このなかで、地域の医療機関の外来機能の明確化・連携に向けて、データに基づく議論を地域で進めるための外来機能報告等が位置づけられ、今年4月に施行された。
目的は、「地域の医療機関の外来機能の明確化・連携に向けて、データに基づく議論を地域で進めるため」。そのために、
①医療機関が都道府県に外来医療の実施状況を報告(外来機能報告)する
② ①の外来機能報告を踏まえ、「地域の協議の場」で、外来機能の明確化・連携に向けて必要な協議を行う
という手順を踏む。
その後、①・②で、「医療資源を重点的に活用する外来を地域で基幹的に担う医療機関(紹介受診重点医療機関)」を明確化する。それを医療機関が外来機能報告で報告し、国の示す基準を参考にして、地域の協議の場で確認することにより決定する。

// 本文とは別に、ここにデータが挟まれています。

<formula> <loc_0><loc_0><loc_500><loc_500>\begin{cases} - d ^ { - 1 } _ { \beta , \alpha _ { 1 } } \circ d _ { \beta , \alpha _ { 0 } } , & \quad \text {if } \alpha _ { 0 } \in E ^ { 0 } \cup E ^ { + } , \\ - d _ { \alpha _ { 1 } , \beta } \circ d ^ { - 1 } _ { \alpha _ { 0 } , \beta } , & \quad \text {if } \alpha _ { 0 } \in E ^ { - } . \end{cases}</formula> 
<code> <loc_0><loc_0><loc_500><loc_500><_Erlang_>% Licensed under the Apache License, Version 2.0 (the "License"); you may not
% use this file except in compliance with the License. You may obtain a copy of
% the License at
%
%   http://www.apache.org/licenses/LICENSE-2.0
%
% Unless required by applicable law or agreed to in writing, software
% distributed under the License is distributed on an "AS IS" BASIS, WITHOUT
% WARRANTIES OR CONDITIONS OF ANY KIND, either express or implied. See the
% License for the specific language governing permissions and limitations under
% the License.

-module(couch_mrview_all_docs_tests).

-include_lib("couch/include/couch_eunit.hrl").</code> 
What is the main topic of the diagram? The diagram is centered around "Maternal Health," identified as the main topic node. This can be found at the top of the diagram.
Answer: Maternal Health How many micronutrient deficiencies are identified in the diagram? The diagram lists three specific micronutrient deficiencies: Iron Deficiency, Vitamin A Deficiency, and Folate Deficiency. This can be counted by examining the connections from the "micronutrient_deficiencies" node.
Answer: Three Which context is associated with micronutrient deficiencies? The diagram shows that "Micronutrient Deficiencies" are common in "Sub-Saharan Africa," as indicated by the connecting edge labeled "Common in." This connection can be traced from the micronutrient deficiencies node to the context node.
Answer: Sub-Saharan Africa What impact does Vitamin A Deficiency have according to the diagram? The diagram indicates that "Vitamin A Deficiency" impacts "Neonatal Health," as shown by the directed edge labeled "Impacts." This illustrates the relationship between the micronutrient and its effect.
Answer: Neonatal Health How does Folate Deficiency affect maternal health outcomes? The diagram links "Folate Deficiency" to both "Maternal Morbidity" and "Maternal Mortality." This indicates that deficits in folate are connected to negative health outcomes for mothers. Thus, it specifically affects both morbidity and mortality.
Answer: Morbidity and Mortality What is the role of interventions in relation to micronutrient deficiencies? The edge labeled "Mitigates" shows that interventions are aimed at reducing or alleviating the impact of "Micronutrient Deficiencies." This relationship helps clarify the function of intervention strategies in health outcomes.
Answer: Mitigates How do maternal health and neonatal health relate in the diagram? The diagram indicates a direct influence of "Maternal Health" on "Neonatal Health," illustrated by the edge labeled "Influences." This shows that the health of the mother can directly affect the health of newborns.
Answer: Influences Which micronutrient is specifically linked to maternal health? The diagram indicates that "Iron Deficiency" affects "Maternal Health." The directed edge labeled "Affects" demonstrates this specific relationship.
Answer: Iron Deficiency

ところで、「医療資源を重点的に活用する外来」(重点外来)とはどのようなものなのか。
報告書*では、
▽医療資源を重点的に活用する入院の前後の外来(悪性腫瘍手術の前後の外来など)
▽高額等の医療機器・設備を必要とする外来(外来化学療法、外来放射線治療など)
▽特定の領域に特化した機能を有する外来(紹介患者に対する外来など)
の3つの類型を挙げている。さらに、重点外来を地域で基幹的に担う医療機関を紹介受診重点医療機関とし、明確化した。
そのうえで、「かかりつけ医機能を担う医療機関」と「紹介受診重点医療機関」がお互いに紹介・逆紹介という形で連携していくことになる。
外来機能報告等に関する報告書(参考資料)(厚生労働省、2021年12月17日)
外来機能報告の対象医療機関は、病院と有床診療所。ただし、高額な医療機器等による検査を集中的に実施しているなど該当する可能性が高く、かつ、希望する無床診療所は対象とすることができる。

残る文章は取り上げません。